Хмельницкий всеми своими силами стремился предотвратить грядущий разгром казацкой организации или хотя бы смягчить этот страшный удар по Украине. Более полувека верховной властью в Речи Посполитой были сеймы – обычные, с участием короля; учредительные конвокационные, на которых после смерти монарха делался обзор пришедшего правления и обсуждались предложения о его изменении; и выборные элекционные. Много лет генеральный писарь казацкого реестрового войска готовил документы о привилегиях, королевских жалованных грамотах, устанавливавших право и обязанности украинских казаков и как никто другой знал и понимал, что происходило в сенате, когда обсуждались украинские проблемы. Еще в 1632 году, сразу после смерти старого короля Сигизмунда, Хмельницкий писал в Варшаву великому коронному канцлеру от имени всего боевого товарищества: «Казаки надеются возвращения и умножения наших нарушенных прав и вольностей. Хорошо известно и до всех народов дошли слухи о том, что в царствование покойного короля мы терпели большие несправедливости и неслыханные оскорбления и находились в великом огорчении от того, что униаты нарушают наши права и вольности, пользуясь покровительством некоторых знатных особ, и причиняют много утеснений нам, казакам, и всему народу. Если эти своеволия не будут уничтожены сейчас же, до коронации нового короля, то мы будем принуждены искать другие меры удовлетворения, хотя этого не желаем».
Тогда, в 1632 году, казацкое письмо в Варшаву повезли Герасим Козка, Федор Пух, Дорош Кузкевич и Лаврентий Пашковский и получили глумливый сеймовый ответ о казаках‑ногтях, которые нужно постоянно отстригать На королевский трон претендовали два сигизмудовых сына, Владислав и Ян‑Казимир и было совсем не ясно, кто из них взойдет на престол Речи Посполитой. Новое письмо о казачьей поддержке Владислава на сейм повез Богдан Хмельницкий, недавно получивший от него наградную саблю за Смоленск. Сейм и примас ответили на письмо: «Казаки должны знать свое место. У них в Речи Посполитой только одно право – повиноваться избранному шляхтой королю». Гоноровые магнаты, однако, вынуждены были учесть мнение десятков тысяч отчаянных сабель и новым королем стал Владислав IV, оценивший поддержку казачества.
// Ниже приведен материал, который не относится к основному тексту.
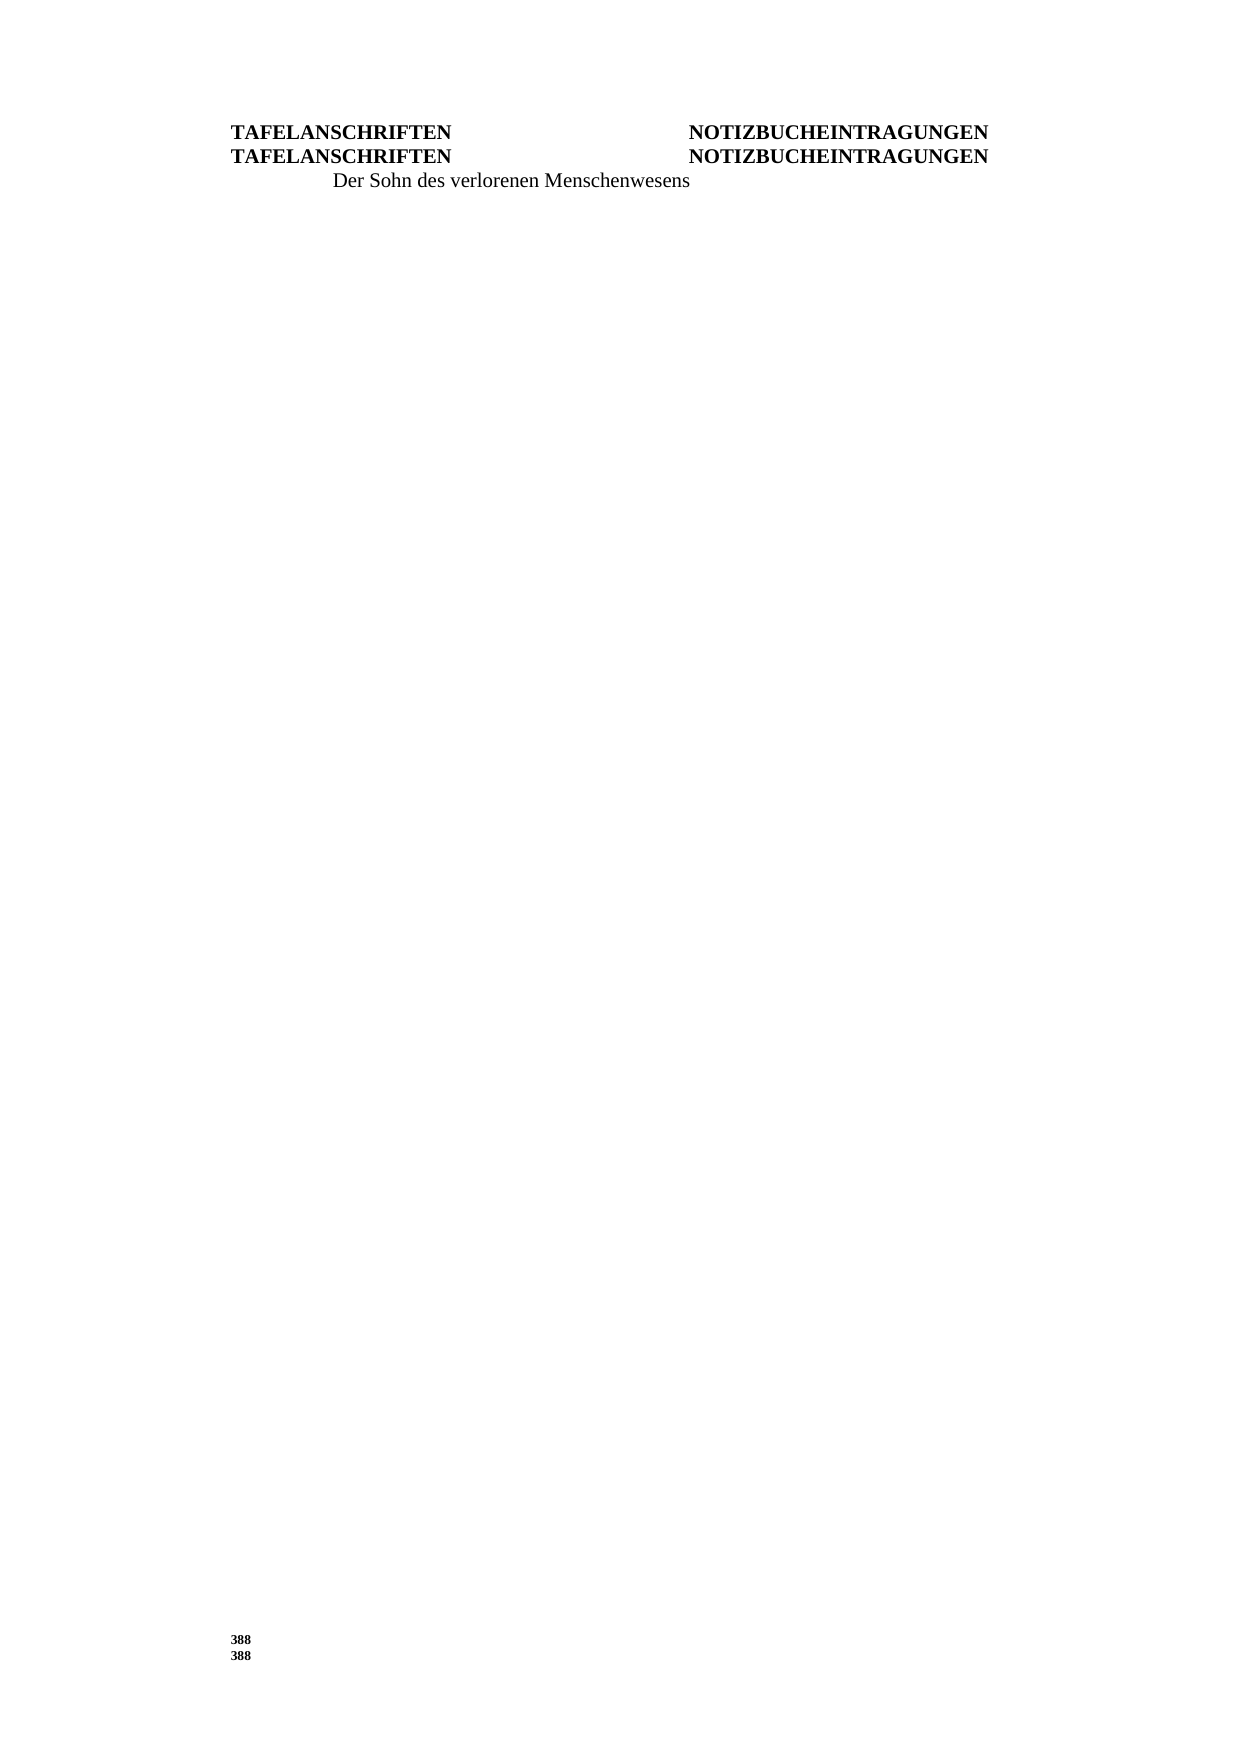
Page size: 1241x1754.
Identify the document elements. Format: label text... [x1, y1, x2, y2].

text Der Sohn des verlorenen Menschenwesens [333, 168, 988, 192]

Осенью 1638 года опытный Богдан Хмельницкий видел, что удар по казакам отразить нельзя. Он давно вел всю войсковую канцелярию, списки личного состава, выполнял ответственные дипломатические поручения и часто писал считавшемуся с ним королю Владиславу: «Шляхта чинит преступления на Украине. Казаки неоднократно старались решить вражду миром, но это нам не помогло. При сухом дереве и мокрому досталось, виноват или не виноват, огнем и мечом все равно уничтожено. Сколько на свете жили и на чужой стороне не видели такого пролития крови басурманской, как теперь нашей христианской, и уничтожения невинных детей. Самому Богу жаль этого, и неизвестно, сколько этот плач невинных душ будет длиться! Кто и живой остался, не жить ему – так побит и гол».
Хмельницкий не раз слышал в сейме, как в присутствии монарха орала при голосовании возбужденная шляхта: «Згода! Нет згоды! Плевали мы на королей!» Он понимал, что сенат, а значит и сейм, никогда не дадут казакам, а значит и Украине не то что автономии, но даже самой малой свободы и видел, знал, что многих войсковых старшин, променявших честь на доходы, это полностью устраивает. Когда в мае 1637 года черный гетман Карп Павлюк повел восставших казаков на Переяслав, где его ждал реестровый старшой Василий Томиленко, старшина свергла его и поставила своего начальника переяславского полковника Савву Кононовича, попытавшись блокировать народный мятеж. В начале августа хлопцы Павлюка во главе с Карпом Скиданном и Семеном Быховцем прорвались в Переяслав, взяли Кононовича и часть старшины и по решению черной рады казнили в Чигирине, но дорогое летнее время было упущено.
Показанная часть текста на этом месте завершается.